1. Quarters: Each quarter is worth 25 cents. So, y quarters would be worth 25y cents.
2. Dimes: Each dime is worth 10 cents. So, 7y dimes would be worth 70y cents.
3. Nickels: Each nickel is worth 5 cents. So, (2y - 1) nickels would be worth 5(2y - 1) cents.
To find the total amount, we add up the values of each type of coin:
Total amount = 25y + 70y + 5(2y - 1)
Simplifying, we have:
Total amount = 25y + 70y + 10y - 5
Combining like terms, we get:
Total amount = 105y + 10y - 5
Finally, rearranging the terms, we have the total amount in cents as:
Total amount = 115y - 5 cents.
To find the total amount of money in cents, we need to determine the value of each coin and then calculate the sum.
The value of one quarter is 25 cents, so y quarters would be worth 25 * y cents.
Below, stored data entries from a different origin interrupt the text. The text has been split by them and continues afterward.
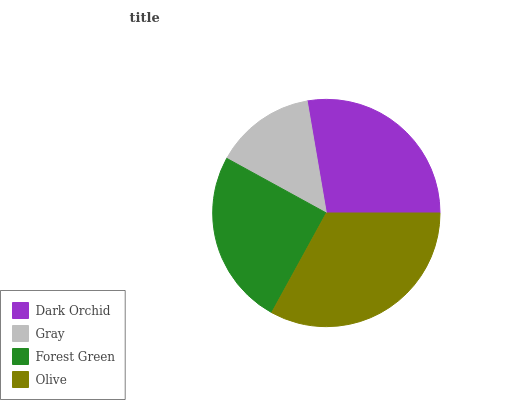Is Gray the minimum?
Answer yes or no. Yes. Is Olive the maximum?
Answer yes or no. Yes. Is Forest Green the minimum?
Answer yes or no. No. Is Forest Green the maximum?
Answer yes or no. No. Is Forest Green greater than Gray?
Answer yes or no. Yes. Is Gray less than Forest Green?
Answer yes or no. Yes. Is Gray greater than Forest Green?
Answer yes or no. No. Is Forest Green less than Gray?
Answer yes or no. No. Is Dark Orchid the high median?
Answer yes or no. Yes. Is Forest Green the low median?
Answer yes or no. Yes. Is Olive the high median?
Answer yes or no. No. Is Olive the low median?
Answer yes or no. No. 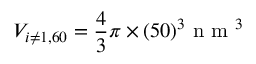Convert formula to latex. <formula><loc_0><loc_0><loc_500><loc_500>V _ { i \neq 1 , 6 0 } = \frac { 4 } { 3 } \pi \times ( 5 0 ) ^ { 3 } n m ^ { 3 }</formula> 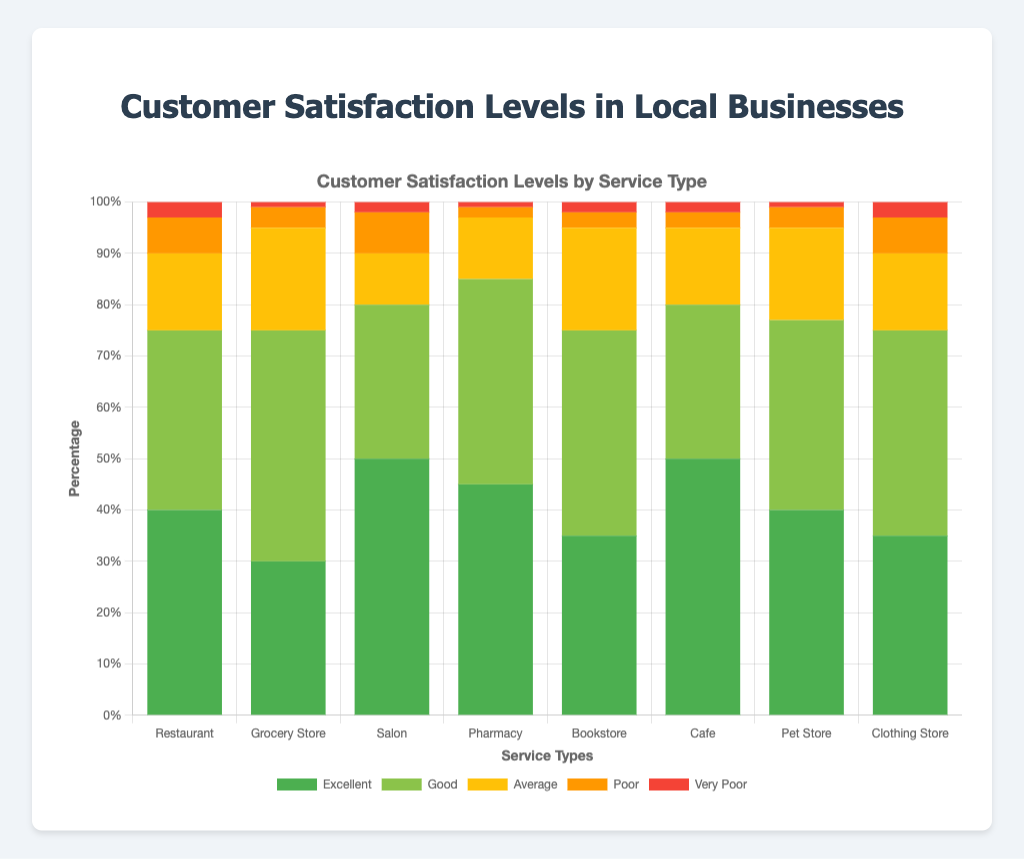Which service type has the highest percentage of "Excellent" customer satisfaction? By observing the height of the "Excellent" section of the bars, the Salon and Cafe both show the highest percentage, which is 50%.
Answer: Salon and Cafe Which service type has the lowest percentage of "Very Poor" customer satisfaction? The smallest "Very Poor" section of the bars is that of the Grocery Store and Pharmacy, both with only 1%.
Answer: Grocery Store and Pharmacy Which service type has a higher percentage of "Good" customer satisfaction: Restaurant or Clothing Store? By comparing the height of the "Good" sections for both bar charts, Restaurant has 35%, whereas Clothing Store has 40%. Therefore, the Clothing Store has a higher percentage of "Good" customer satisfaction.
Answer: Clothing Store What is the combined percentage of "Average" and "Poor" customer satisfaction for the Grocery Store? The Grocery Store has 20% "Average" and 4% "Poor" customer satisfaction. Adding these together gives 20% + 4% = 24%.
Answer: 24% Which service type has the highest percentage of "Poor" customer satisfaction, and what is that percentage? By observing the bars' "Poor" sections, the Salon has the highest percentage, which is 8%.
Answer: Salon, 8% Which service types have an equal percentage of "Excellent" and "Good" customer satisfaction? Looking at the bars, the Clothing Store has 35% "Excellent" and 40% "Good," while the percentages are not equal for any other categories. Therefore, none have equal percentages.
Answer: None Which service type has more "Excellent" customer satisfaction: Bookstore or Pet Store? By comparing the height of the "Excellent" sections of both bars, Bookstore has 35%, whereas Pet Store has 40%. Thus, Pet Store has a higher percentage of "Excellent" customer satisfaction.
Answer: Pet Store What is the total percentage of "Excellent" and "Good" customer satisfaction for the Pharmacy? The Pharmacy has 45% "Excellent" and 40% "Good". Adding these gives 45% + 40% = 85%.
Answer: 85% Which service type has the least "Average" customer satisfaction? By comparing all the "Average" sections of the bar, the Salon has the lowest percentage, which is 10%.
Answer: Salon How do the "Very Poor" customer satisfaction percentages for the Restaurant and Clothing Store compare? Both the Restaurant and Clothing Store have a "Very Poor" customer satisfaction percentage of 3%. Therefore, they are equal.
Answer: They are equal

The value of one dime is 10 cents, so 7y dimes would be worth 10 * 7y = 70y cents.
The value of one nickel is 5 cents, so (2y - 1) nickels would be worth 5 * (2y - 1) cents.
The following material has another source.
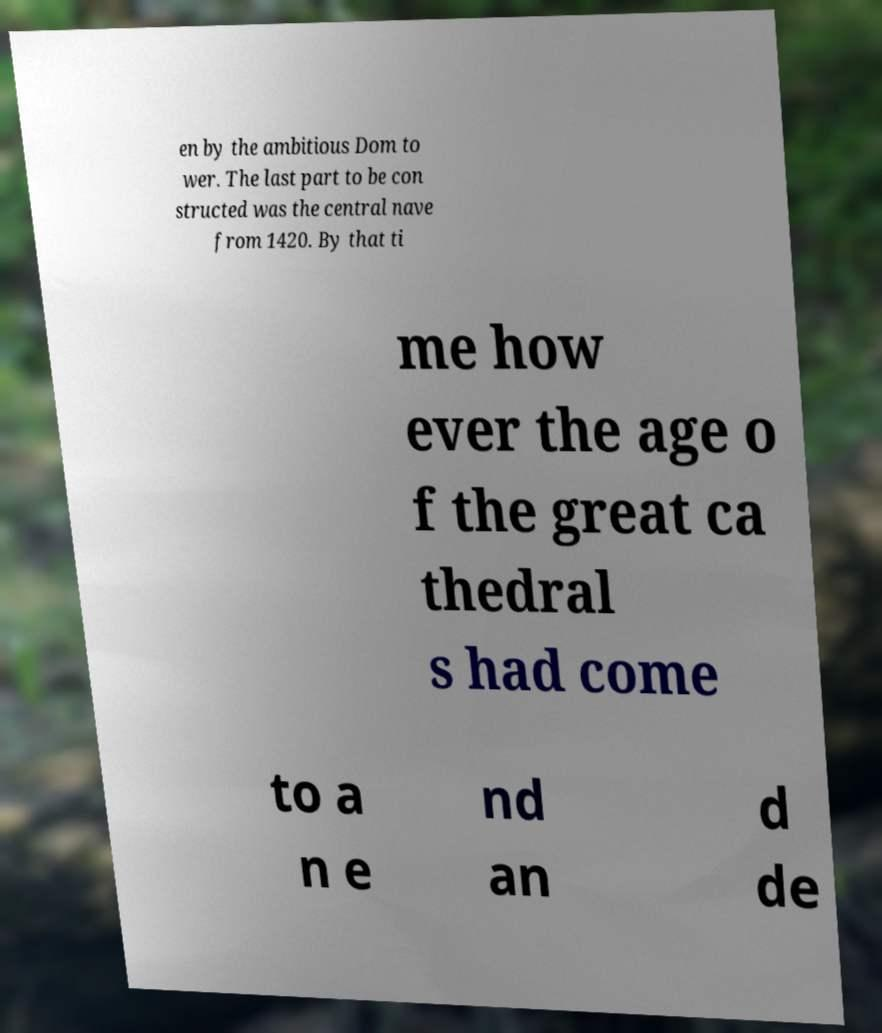Can you read and provide the text displayed in the image?This photo seems to have some interesting text. Can you extract and type it out for me? en by the ambitious Dom to wer. The last part to be con structed was the central nave from 1420. By that ti me how ever the age o f the great ca thedral s had come to a n e nd an d de

To find the total amount, we add up the values of the three types of coins:
Total amount = 25y + 70y + 5(2y - 1) cents.
Now let's simplify the expression:
Total amount = 25y + 70y + 10y - 5 cents.
Combining like terms, we get:
Total amount = (25y + 70y + 10y) - 5 cents.
Total amount = 105y - 5 cents.
Therefore, the total amount of money in cents is represented by the expression 105y - 5 cents.